THE TASK
What follows is a set of entries. Give them again exactly, without the pictures.

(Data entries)
[Start of section]

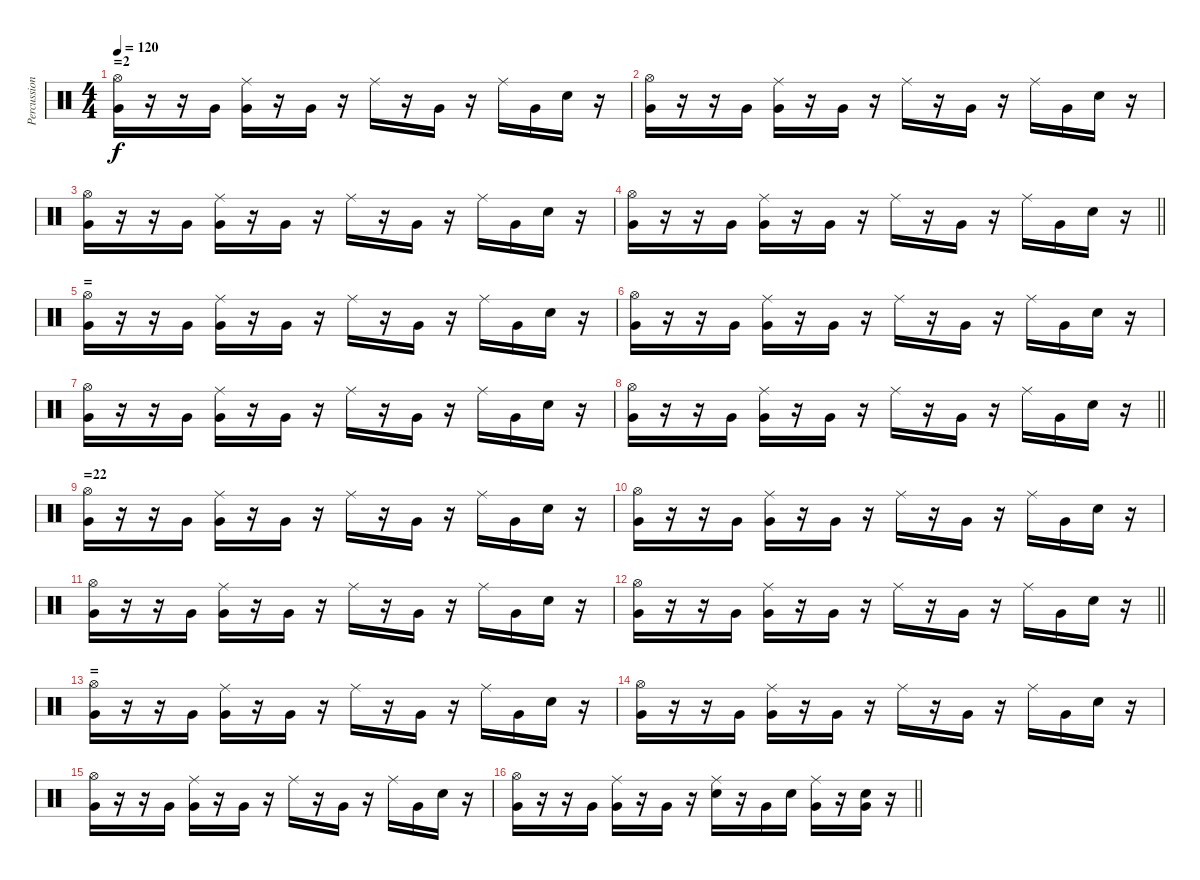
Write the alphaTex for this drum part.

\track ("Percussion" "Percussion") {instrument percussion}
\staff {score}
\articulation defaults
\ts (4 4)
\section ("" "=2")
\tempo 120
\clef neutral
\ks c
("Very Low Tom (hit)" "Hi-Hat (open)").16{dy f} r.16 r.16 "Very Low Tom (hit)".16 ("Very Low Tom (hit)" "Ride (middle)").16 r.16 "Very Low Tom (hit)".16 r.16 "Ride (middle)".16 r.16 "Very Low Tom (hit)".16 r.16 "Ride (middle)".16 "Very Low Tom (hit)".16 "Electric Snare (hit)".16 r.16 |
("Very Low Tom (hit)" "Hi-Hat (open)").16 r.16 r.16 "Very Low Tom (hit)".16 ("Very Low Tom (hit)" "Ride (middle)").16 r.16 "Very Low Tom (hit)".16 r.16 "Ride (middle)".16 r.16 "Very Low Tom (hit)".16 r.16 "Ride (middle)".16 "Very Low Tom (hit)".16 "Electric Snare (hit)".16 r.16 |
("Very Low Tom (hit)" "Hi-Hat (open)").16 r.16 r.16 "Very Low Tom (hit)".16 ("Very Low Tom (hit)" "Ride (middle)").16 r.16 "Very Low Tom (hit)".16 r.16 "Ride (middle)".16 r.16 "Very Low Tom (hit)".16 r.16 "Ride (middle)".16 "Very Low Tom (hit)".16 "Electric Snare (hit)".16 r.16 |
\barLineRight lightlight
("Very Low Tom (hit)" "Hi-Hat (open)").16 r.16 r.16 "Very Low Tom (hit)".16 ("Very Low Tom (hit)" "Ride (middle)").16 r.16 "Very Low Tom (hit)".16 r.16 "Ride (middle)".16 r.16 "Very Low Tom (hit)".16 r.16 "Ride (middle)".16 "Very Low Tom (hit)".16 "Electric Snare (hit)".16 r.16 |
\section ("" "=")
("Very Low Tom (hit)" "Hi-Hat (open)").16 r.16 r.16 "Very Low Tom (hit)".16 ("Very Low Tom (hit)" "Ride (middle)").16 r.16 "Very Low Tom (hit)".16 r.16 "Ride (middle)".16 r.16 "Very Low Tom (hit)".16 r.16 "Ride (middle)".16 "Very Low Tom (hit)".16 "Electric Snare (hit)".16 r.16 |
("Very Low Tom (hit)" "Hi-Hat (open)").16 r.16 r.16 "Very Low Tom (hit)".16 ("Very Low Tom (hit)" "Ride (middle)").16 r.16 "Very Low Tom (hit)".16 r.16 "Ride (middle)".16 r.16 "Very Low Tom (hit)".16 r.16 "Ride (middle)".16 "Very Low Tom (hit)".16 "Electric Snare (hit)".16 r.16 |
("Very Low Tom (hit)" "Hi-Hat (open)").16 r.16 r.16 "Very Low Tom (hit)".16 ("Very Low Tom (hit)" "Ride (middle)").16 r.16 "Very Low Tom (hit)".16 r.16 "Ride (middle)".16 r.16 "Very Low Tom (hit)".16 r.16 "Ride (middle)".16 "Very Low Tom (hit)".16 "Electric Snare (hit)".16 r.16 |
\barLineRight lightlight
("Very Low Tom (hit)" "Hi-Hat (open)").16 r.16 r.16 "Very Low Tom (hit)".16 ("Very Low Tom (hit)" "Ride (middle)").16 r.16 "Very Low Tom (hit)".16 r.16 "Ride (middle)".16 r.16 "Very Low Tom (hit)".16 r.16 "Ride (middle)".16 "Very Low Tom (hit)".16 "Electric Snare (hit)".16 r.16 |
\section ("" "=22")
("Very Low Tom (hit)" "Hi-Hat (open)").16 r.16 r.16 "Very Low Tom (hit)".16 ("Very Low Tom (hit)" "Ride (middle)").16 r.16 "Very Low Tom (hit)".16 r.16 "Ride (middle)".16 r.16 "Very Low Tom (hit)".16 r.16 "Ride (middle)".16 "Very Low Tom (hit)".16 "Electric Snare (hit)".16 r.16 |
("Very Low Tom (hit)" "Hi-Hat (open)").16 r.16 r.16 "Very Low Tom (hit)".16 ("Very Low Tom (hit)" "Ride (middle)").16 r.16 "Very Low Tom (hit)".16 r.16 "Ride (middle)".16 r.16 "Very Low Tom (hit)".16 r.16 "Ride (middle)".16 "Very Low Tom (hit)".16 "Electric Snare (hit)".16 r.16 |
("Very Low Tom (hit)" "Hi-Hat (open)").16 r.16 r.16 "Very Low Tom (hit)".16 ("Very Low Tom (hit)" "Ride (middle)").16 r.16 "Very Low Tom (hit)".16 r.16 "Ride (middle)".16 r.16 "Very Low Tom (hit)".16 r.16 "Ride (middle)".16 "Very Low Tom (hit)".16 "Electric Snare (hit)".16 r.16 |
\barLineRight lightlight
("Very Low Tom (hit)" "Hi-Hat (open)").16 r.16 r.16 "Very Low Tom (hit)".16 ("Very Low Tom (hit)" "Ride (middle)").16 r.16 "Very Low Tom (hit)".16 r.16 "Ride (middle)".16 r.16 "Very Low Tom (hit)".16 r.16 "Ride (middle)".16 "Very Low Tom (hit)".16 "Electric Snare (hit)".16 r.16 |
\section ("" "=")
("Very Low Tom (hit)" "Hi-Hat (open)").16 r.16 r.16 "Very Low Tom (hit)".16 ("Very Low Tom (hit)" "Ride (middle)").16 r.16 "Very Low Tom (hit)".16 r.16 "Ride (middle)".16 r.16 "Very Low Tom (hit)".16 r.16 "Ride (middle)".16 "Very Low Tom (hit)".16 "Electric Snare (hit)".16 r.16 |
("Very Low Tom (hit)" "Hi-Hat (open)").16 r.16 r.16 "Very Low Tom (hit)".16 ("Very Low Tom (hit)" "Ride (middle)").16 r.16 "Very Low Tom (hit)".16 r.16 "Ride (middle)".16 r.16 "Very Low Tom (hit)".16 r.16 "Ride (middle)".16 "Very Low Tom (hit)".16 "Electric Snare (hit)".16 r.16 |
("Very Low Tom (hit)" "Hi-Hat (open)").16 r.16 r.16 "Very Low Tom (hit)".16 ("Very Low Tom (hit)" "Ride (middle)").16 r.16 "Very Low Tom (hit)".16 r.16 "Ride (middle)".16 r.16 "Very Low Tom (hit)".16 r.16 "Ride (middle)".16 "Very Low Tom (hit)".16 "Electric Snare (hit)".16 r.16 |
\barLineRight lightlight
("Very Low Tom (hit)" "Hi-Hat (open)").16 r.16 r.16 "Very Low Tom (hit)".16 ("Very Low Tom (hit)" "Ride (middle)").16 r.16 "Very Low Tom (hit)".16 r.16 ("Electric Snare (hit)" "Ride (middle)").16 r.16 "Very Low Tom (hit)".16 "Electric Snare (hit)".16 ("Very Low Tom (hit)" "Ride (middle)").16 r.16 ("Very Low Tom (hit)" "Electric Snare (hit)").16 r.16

[End of section]

SOLVED EXERCISE
Write the alphaTex for this drum part.

\track ("Percussion" "Percussion") {instrument percussion}
\staff {score}
\articulation defaults
\ts (4 4)
\section ("" "=2")
\tempo 120
\clef neutral
\ks c
("Very Low Tom (hit)" "Hi-Hat (open)").16{dy f} r.16 r.16 "Very Low Tom (hit)".16 ("Very Low Tom (hit)" "Ride (middle)").16 r.16 "Very Low Tom (hit)".16 r.16 "Ride (middle)".16 r.16 "Very Low Tom (hit)".16 r.16 "Ride (middle)".16 "Very Low Tom (hit)".16 "Electric Snare (hit)".16 r.16 |
("Very Low Tom (hit)" "Hi-Hat (open)").16 r.16 r.16 "Very Low Tom (hit)".16 ("Very Low Tom (hit)" "Ride (middle)").16 r.16 "Very Low Tom (hit)".16 r.16 "Ride (middle)".16 r.16 "Very Low Tom (hit)".16 r.16 "Ride (middle)".16 "Very Low Tom (hit)".16 "Electric Snare (hit)".16 r.16 |
("Very Low Tom (hit)" "Hi-Hat (open)").16 r.16 r.16 "Very Low Tom (hit)".16 ("Very Low Tom (hit)" "Ride (middle)").16 r.16 "Very Low Tom (hit)".16 r.16 "Ride (middle)".16 r.16 "Very Low Tom (hit)".16 r.16 "Ride (middle)".16 "Very Low Tom (hit)".16 "Electric Snare (hit)".16 r.16 |
\barLineRight lightlight
("Very Low Tom (hit)" "Hi-Hat (open)").16 r.16 r.16 "Very Low Tom (hit)".16 ("Very Low Tom (hit)" "Ride (middle)").16 r.16 "Very Low Tom (hit)".16 r.16 "Ride (middle)".16 r.16 "Very Low Tom (hit)".16 r.16 "Ride (middle)".16 "Very Low Tom (hit)".16 "Electric Snare (hit)".16 r.16 |
\section ("" "=")
("Very Low Tom (hit)" "Hi-Hat (open)").16 r.16 r.16 "Very Low Tom (hit)".16 ("Very Low Tom (hit)" "Ride (middle)").16 r.16 "Very Low Tom (hit)".16 r.16 "Ride (middle)".16 r.16 "Very Low Tom (hit)".16 r.16 "Ride (middle)".16 "Very Low Tom (hit)".16 "Electric Snare (hit)".16 r.16 |
("Very Low Tom (hit)" "Hi-Hat (open)").16 r.16 r.16 "Very Low Tom (hit)".16 ("Very Low Tom (hit)" "Ride (middle)").16 r.16 "Very Low Tom (hit)".16 r.16 "Ride (middle)".16 r.16 "Very Low Tom (hit)".16 r.16 "Ride (middle)".16 "Very Low Tom (hit)".16 "Electric Snare (hit)".16 r.16 |
("Very Low Tom (hit)" "Hi-Hat (open)").16 r.16 r.16 "Very Low Tom (hit)".16 ("Very Low Tom (hit)" "Ride (middle)").16 r.16 "Very Low Tom (hit)".16 r.16 "Ride (middle)".16 r.16 "Very Low Tom (hit)".16 r.16 "Ride (middle)".16 "Very Low Tom (hit)".16 "Electric Snare (hit)".16 r.16 |
\barLineRight lightlight
("Very Low Tom (hit)" "Hi-Hat (open)").16 r.16 r.16 "Very Low Tom (hit)".16 ("Very Low Tom (hit)" "Ride (middle)").16 r.16 "Very Low Tom (hit)".16 r.16 "Ride (middle)".16 r.16 "Very Low Tom (hit)".16 r.16 "Ride (middle)".16 "Very Low Tom (hit)".16 "Electric Snare (hit)".16 r.16 |
\section ("" "=22")
("Very Low Tom (hit)" "Hi-Hat (open)").16 r.16 r.16 "Very Low Tom (hit)".16 ("Very Low Tom (hit)" "Ride (middle)").16 r.16 "Very Low Tom (hit)".16 r.16 "Ride (middle)".16 r.16 "Very Low Tom (hit)".16 r.16 "Ride (middle)".16 "Very Low Tom (hit)".16 "Electric Snare (hit)".16 r.16 |
("Very Low Tom (hit)" "Hi-Hat (open)").16 r.16 r.16 "Very Low Tom (hit)".16 ("Very Low Tom (hit)" "Ride (middle)").16 r.16 "Very Low Tom (hit)".16 r.16 "Ride (middle)".16 r.16 "Very Low Tom (hit)".16 r.16 "Ride (middle)".16 "Very Low Tom (hit)".16 "Electric Snare (hit)".16 r.16 |
("Very Low Tom (hit)" "Hi-Hat (open)").16 r.16 r.16 "Very Low Tom (hit)".16 ("Very Low Tom (hit)" "Ride (middle)").16 r.16 "Very Low Tom (hit)".16 r.16 "Ride (middle)".16 r.16 "Very Low Tom (hit)".16 r.16 "Ride (middle)".16 "Very Low Tom (hit)".16 "Electric Snare (hit)".16 r.16 |
\barLineRight lightlight
("Very Low Tom (hit)" "Hi-Hat (open)").16 r.16 r.16 "Very Low Tom (hit)".16 ("Very Low Tom (hit)" "Ride (middle)").16 r.16 "Very Low Tom (hit)".16 r.16 "Ride (middle)".16 r.16 "Very Low Tom (hit)".16 r.16 "Ride (middle)".16 "Very Low Tom (hit)".16 "Electric Snare (hit)".16 r.16 |
\section ("" "=")
("Very Low Tom (hit)" "Hi-Hat (open)").16 r.16 r.16 "Very Low Tom (hit)".16 ("Very Low Tom (hit)" "Ride (middle)").16 r.16 "Very Low Tom (hit)".16 r.16 "Ride (middle)".16 r.16 "Very Low Tom (hit)".16 r.16 "Ride (middle)".16 "Very Low Tom (hit)".16 "Electric Snare (hit)".16 r.16 |
("Very Low Tom (hit)" "Hi-Hat (open)").16 r.16 r.16 "Very Low Tom (hit)".16 ("Very Low Tom (hit)" "Ride (middle)").16 r.16 "Very Low Tom (hit)".16 r.16 "Ride (middle)".16 r.16 "Very Low Tom (hit)".16 r.16 "Ride (middle)".16 "Very Low Tom (hit)".16 "Electric Snare (hit)".16 r.16 |
("Very Low Tom (hit)" "Hi-Hat (open)").16 r.16 r.16 "Very Low Tom (hit)".16 ("Very Low Tom (hit)" "Ride (middle)").16 r.16 "Very Low Tom (hit)".16 r.16 "Ride (middle)".16 r.16 "Very Low Tom (hit)".16 r.16 "Ride (middle)".16 "Very Low Tom (hit)".16 "Electric Snare (hit)".16 r.16 |
\barLineRight lightlight
("Very Low Tom (hit)" "Hi-Hat (open)").16 r.16 r.16 "Very Low Tom (hit)".16 ("Very Low Tom (hit)" "Ride (middle)").16 r.16 "Very Low Tom (hit)".16 r.16 ("Electric Snare (hit)" "Ride (middle)").16 r.16 "Very Low Tom (hit)".16 "Electric Snare (hit)".16 ("Very Low Tom (hit)" "Ride (middle)").16 r.16 ("Very Low Tom (hit)" "Electric Snare (hit)").16 r.16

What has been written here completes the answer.